Two remarks must be made in conclusion to this brief presentation. Firstly, as can be seen from our calendar, most festivities were concentrated at specific moments of the year, roughly corresponding to three periods: the first from mid-December to mid-February, the second from mid-April to mid-May, and the last from the end of September to mid-November. The small number of festivals kept during the summer months, in spite of the fact that the atmospheric conditions may appear to be more appropriate for outdoor rejoicings, is in fact indicative of the link between agriculture and seasonal festivities, since it is during the summer months that the ‘husbandmen’ are most busy and thus least likely to hold a feast. Secondly, we must recall that the various festivals mentioned in our plan, and which could not be dealt with at length here, are dependent on lany local and temporal variations, as the studies of folklorists show. There is no doubt that a systematic presentation and classification of this material by a modern anthropologiest would be very helpful. It might even define new perspectives for research on the relationships between art and folk traditions.

Notes

  1. E. K. Chambers, The Medieval Stage (1903), O.U.P., I, p. 116, bibliographical note.

  2. See Midsummer Night's Dream, I.1.168 and IV.2.132-3.

  3. Chambers, op. cit., I, p. 173: “The May-game is probably intended by the ‘Whitsun pastorals’ of Winter's Tale IV.4.134 and the ‘pageants of delight’ at Pentecost … of Two Gentlemen of Verona”, IV.4.163.

  4. J. G. Frazer, The Golden Bough, Macmillan abridged edition, p. 475.

  5. See E. O. James, Seasonal Feasts and Festivals, London, 1961, Thames & Hudson, p. 309.

  6. Chambers, op. cit., p. 114.

  7. Muriel St Clare Byrne, Elizabethan Life in Town and Country, 1961 (first edition 1925), University Paperbacks, p. 240.
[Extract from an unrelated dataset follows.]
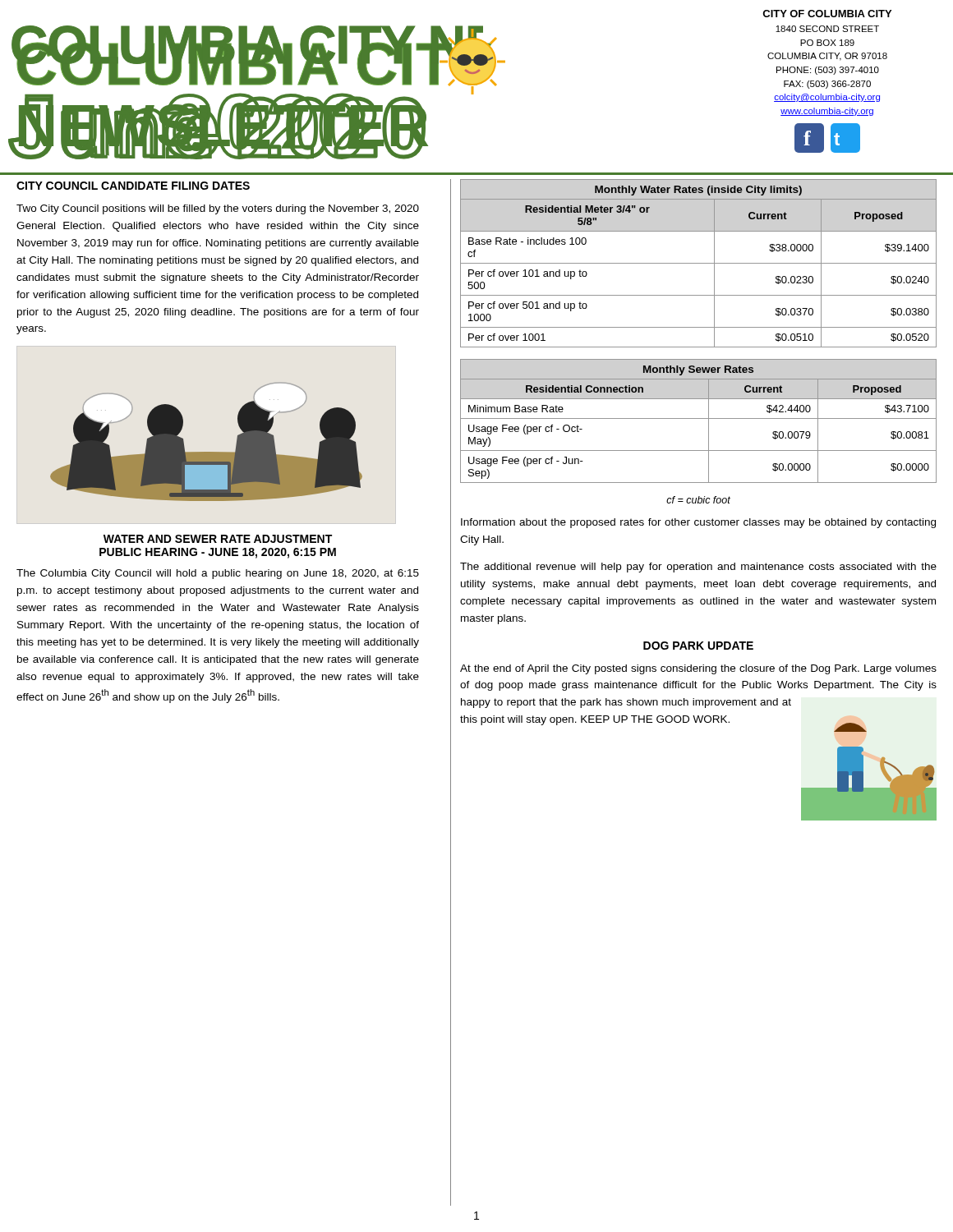This screenshot has width=953, height=1232.
Task: Select the table that reads "Usage Fee (per cf -"
Action: tap(698, 421)

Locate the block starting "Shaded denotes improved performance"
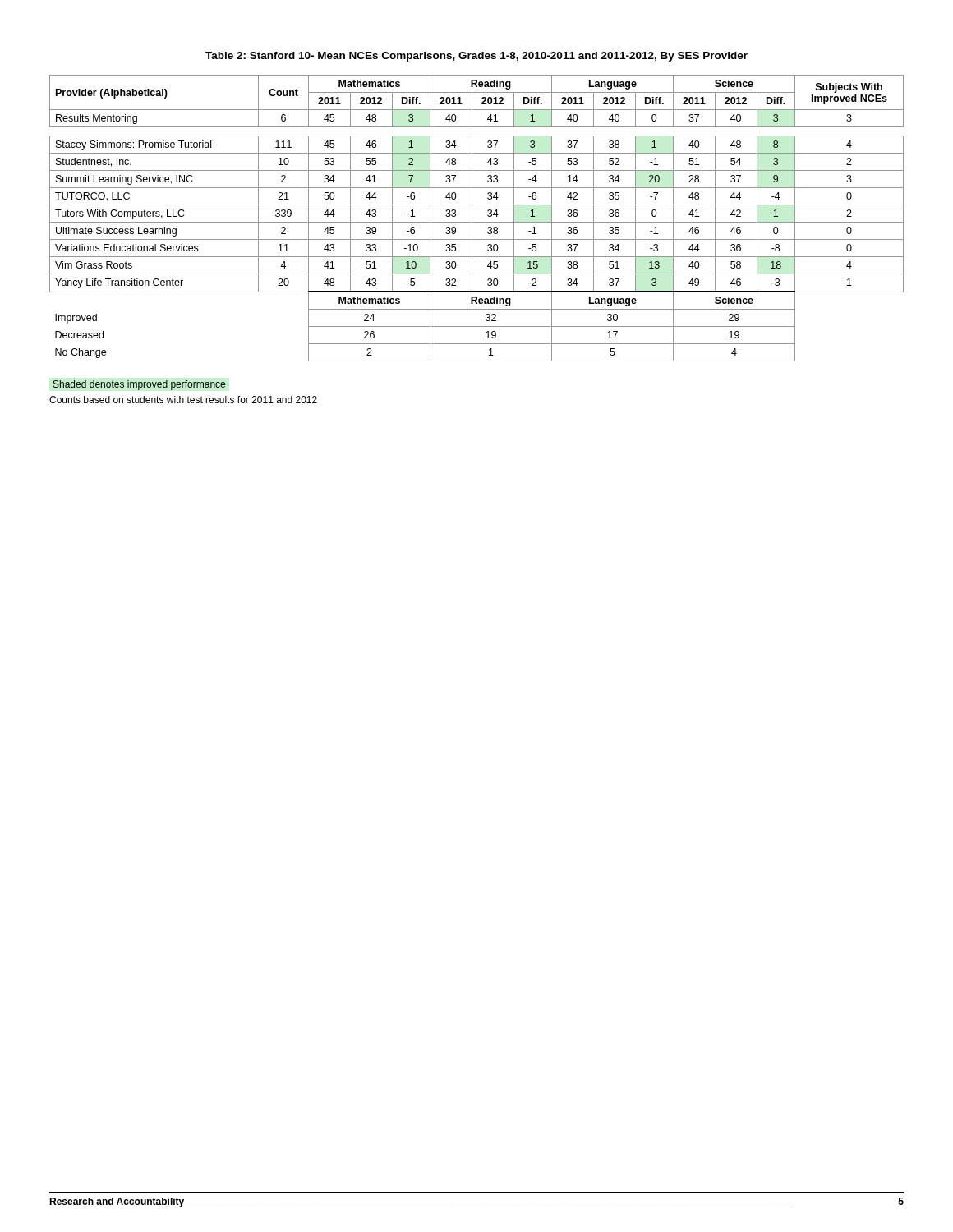click(x=139, y=384)

  8. T. F. T. Dyer, British Popular Customs, 1891. John Brand and Henry Ellis, Popular Antiquities of Great Britain, 1849.

  9. Chambers, op. cit., pp. 234-5: “… the day of the solstice … was known as the ‘birthday’ of Sol Novus or Sol Invictus … The Sol Invictus was identified with the central figure of that curious half-oriental, half-philosophical worship of Mithra, which at one time threatened to become a serious rival to Christianity as the religion of the thinking portion of the Roman world. That an important Mithraic feast also fell on December 25 can hardly be doubted …”

  10. Hock-tide can be defined as the season of the hock-days, observed on the Monday and Tuesday following the second Sunday after Easter-Day. It is said to have been instituted in memory of the almost total destruction of the Danes in England under Ethelred, on 13 November 1002. The word hock itself refers to the fact that most of them were not killed but simply houghed or hamstringed, which was a way to render them incapable of serving in war (see O.E.D.). The dislocation of its observance from November to two weeks after Easter may be due to its being attracted by and absorbed into an older festival to which it bore many resemblances.

  11. Holiday tradition of the Cotswolds revived under James I, thanks to the initiative of Robert Dover, a Warwickshire attorney. The games took place on May 31, and included leaping and wrestling for the men, dancing for the maids and also grey hound coursing (cf. Merry Wives of Windsor, I.1.89-90) and horse-racing. See description and woodcut in R. Chambers, Book of Days, volume I, pp. 712-14.

  12. E. K. Chambers, op. cit., p. 159.